▸ **Dataset entries**:

****************

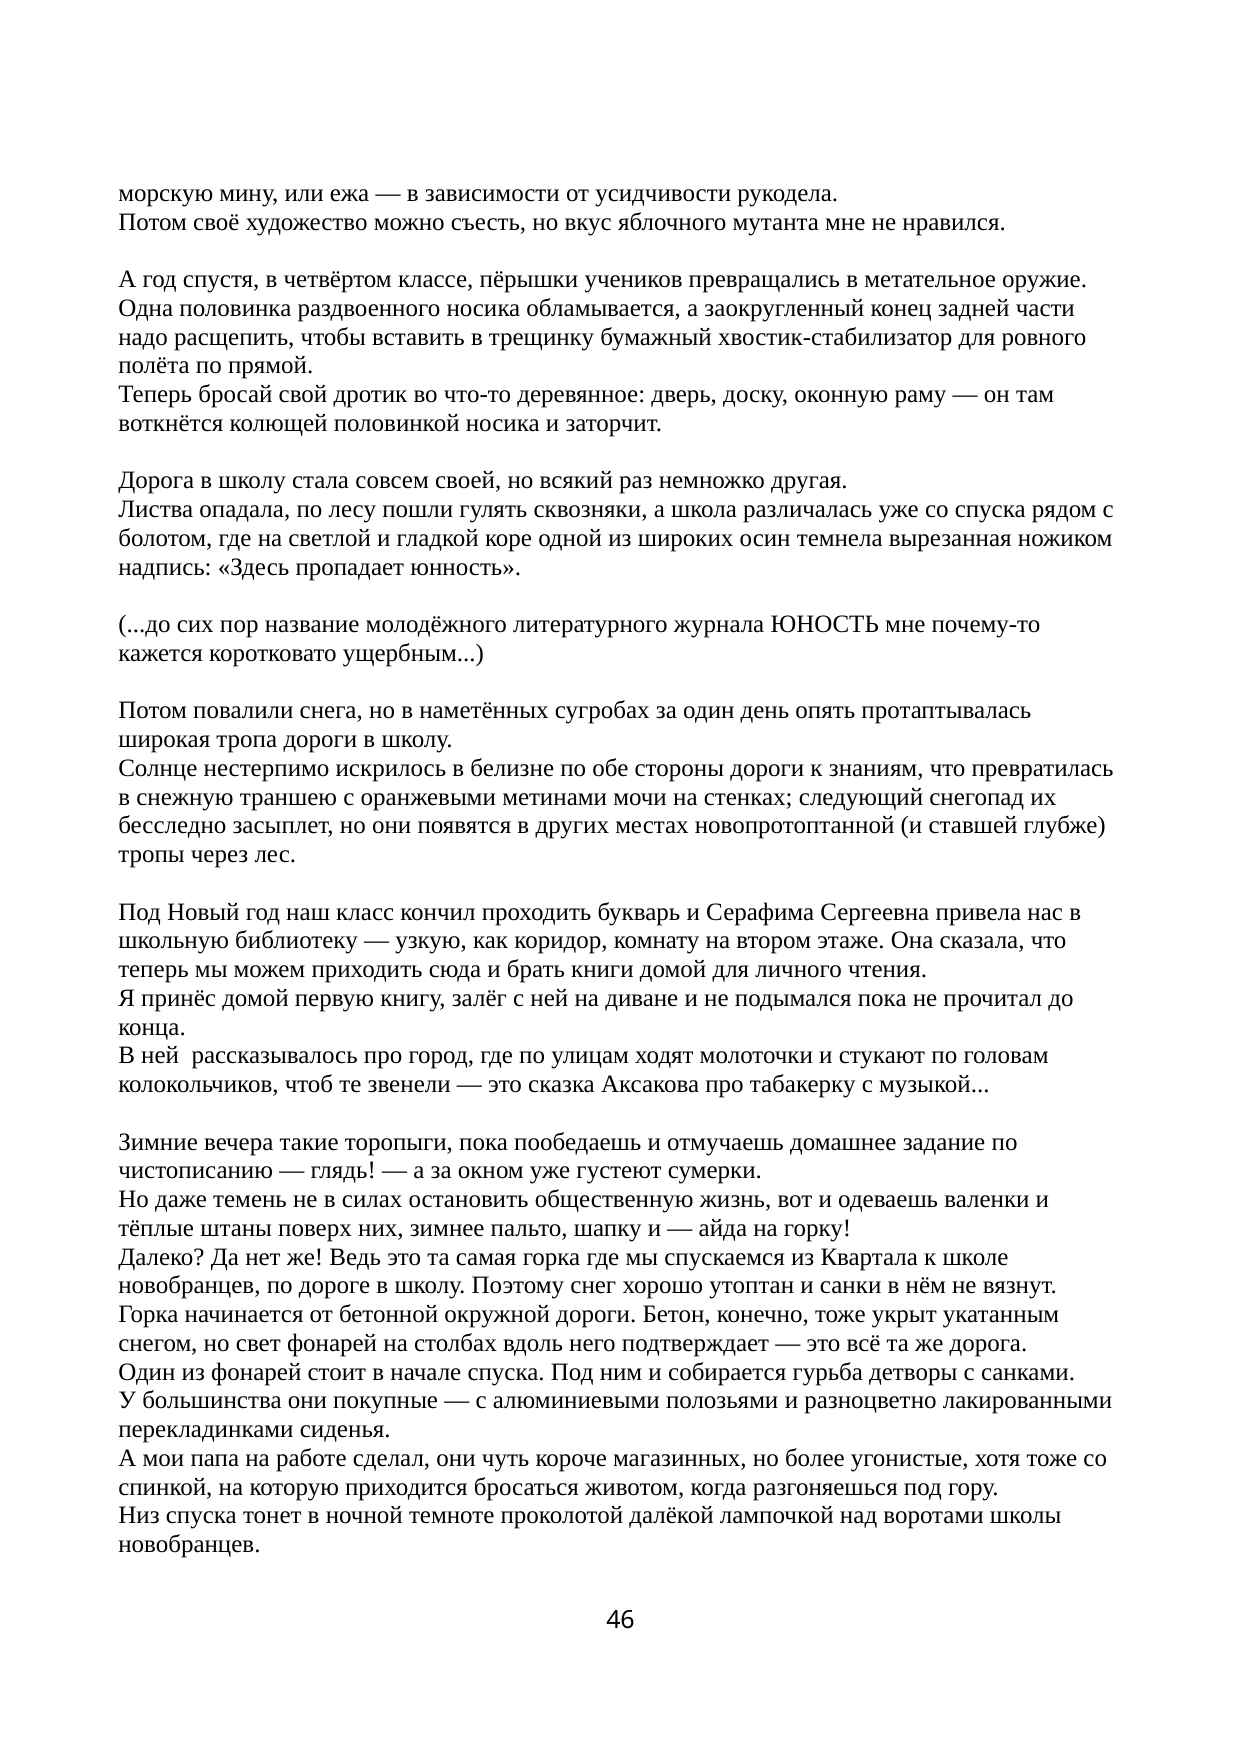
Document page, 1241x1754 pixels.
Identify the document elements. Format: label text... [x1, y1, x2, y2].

text У большинства они покупные — с алюминиевыми полозьями и разноцветно лакированными перекладинками сиденья. [118, 1386, 1122, 1443]
text (...до сих пор название молодёжного литературного журнала ЮНОСТЬ мне почему-то кажется коротковато ущербным...) [118, 609, 1122, 667]
text Я принёс домой первую книгу, залёг с ней на диване и не подымался пока не прочитал до конца. [118, 983, 1122, 1041]
text Под Новый год наш класс кончил проходить букварь и Серафима Сергеевна привела нас в школьную библиотеку — узкую, как коридор, комнату на втором этаже. Она сказала, что теперь мы можем приходить сюда и брать книги домой для личного чтения. [118, 897, 1122, 983]
text Горка начинается от бетонной окружной дороги. Бетон, конечно, тоже укрыт укатанным снегом, но свет фонарей на столбах вдоль него подтверждает — это всё та же дорога. [118, 1299, 1122, 1357]
text Потом повалили снега, но в наметённых сугробах за один день опять протаптывалась широкая тропа дороги в школу. [118, 696, 1122, 753]
text Зимние вечера такие торопыги, пока пообедаешь и отмучаешь домашнее задание по чистописанию — глядь! — а за окном уже густеют сумерки. [118, 1127, 1122, 1184]
text Но даже темень не в силах остановить общественную жизнь, вот и одеваешь валенки и тёплые штаны поверх них, зимнее пальто, шапку и — айда на горку! [118, 1184, 1122, 1242]
text А мои папа на работе сделал, они чуть короче магазинных, но более угонистые, хотя тоже со спинкой, на которую приходится бросаться животом, когда разгоняешься под гору. [118, 1443, 1122, 1501]
text Потом своё художество можно съесть, но вкус яблочного мутанта мне не нравился. [118, 207, 1122, 236]
text Солнце нестерпимо искрилось в белизне по обе стороны дороги к знаниям, что превратилась в снежную траншею с оранжевыми метинами мочи на стенках; следующий снегопад их бесследно засыплет, но они появятся в других местах новопротоптанной (и ставшей глубже) тропы через лес. [118, 753, 1122, 868]
text Листва опадала, по лесу пошли гулять сквозняки, а школа различалась уже со спуска рядом с болотом, где на светлой и гладкой коре одной из широких осин темнела вырезанная ножиком надпись: «Здесь пропадает юнность». [118, 494, 1122, 581]
text А год спустя, в четвёртом классе, пёрышки учеников превращались в метательное оружие. [118, 264, 1122, 293]
text В ней рассказывалось про город, где по улицам ходят молоточки и стукают по головам колокольчиков, чтоб те звенели — это сказка Аксакова про табакерку с музыкой... [118, 1041, 1122, 1098]
text Один из фонарей стоит в начале спуска. Под ним и собирается гурьба детворы с санками. [118, 1357, 1122, 1386]
text Дорога в школу стала совсем своей, но всякий раз немножко другая. [118, 466, 1122, 494]
text морскую мину, или ежа — в зависимости от усидчивости рукодела. [118, 178, 1122, 207]
text Низ спуска тонет в ночной темноте проколотой далёкой лампочкой над воротами школы новобранцев. [118, 1501, 1122, 1558]
text Одна половинка раздвоенного носика обламывается, а заокругленный конец задней части надо расщепить, чтобы вставить в трещинку бумажный хвостик-стабилизатор для ровного полёта по прямой. [118, 293, 1122, 379]
text Далеко? Да нет же! Ведь это та самая горка где мы спускаемся из Квартала к школе новобранцев, по дороге в школу. Поэтому снег хорошо утоптан и санки в нём не вязнут. [118, 1242, 1122, 1299]
text Теперь бросай свой дротик во что-то деревянное: дверь, доску, оконную раму — он там воткнётся колющей половинкой носика и заторчит. [118, 379, 1122, 437]

****************

▸ **Prompt**: For each line in the records that contains the word "носика", make a copy.

▸ **Your solution**:
text Одна половинка раздвоенного носика обламывается, а заокругленный конец задней части надо расщепить, чтобы вставить в трещинку бумажный хвостик-стабилизатор для ровного полёта по прямой. [118, 293, 1122, 379]
text Теперь бросай свой дротик во что-то деревянное: дверь, доску, оконную раму — он там воткнётся колющей половинкой носика и заторчит. [118, 379, 1122, 437]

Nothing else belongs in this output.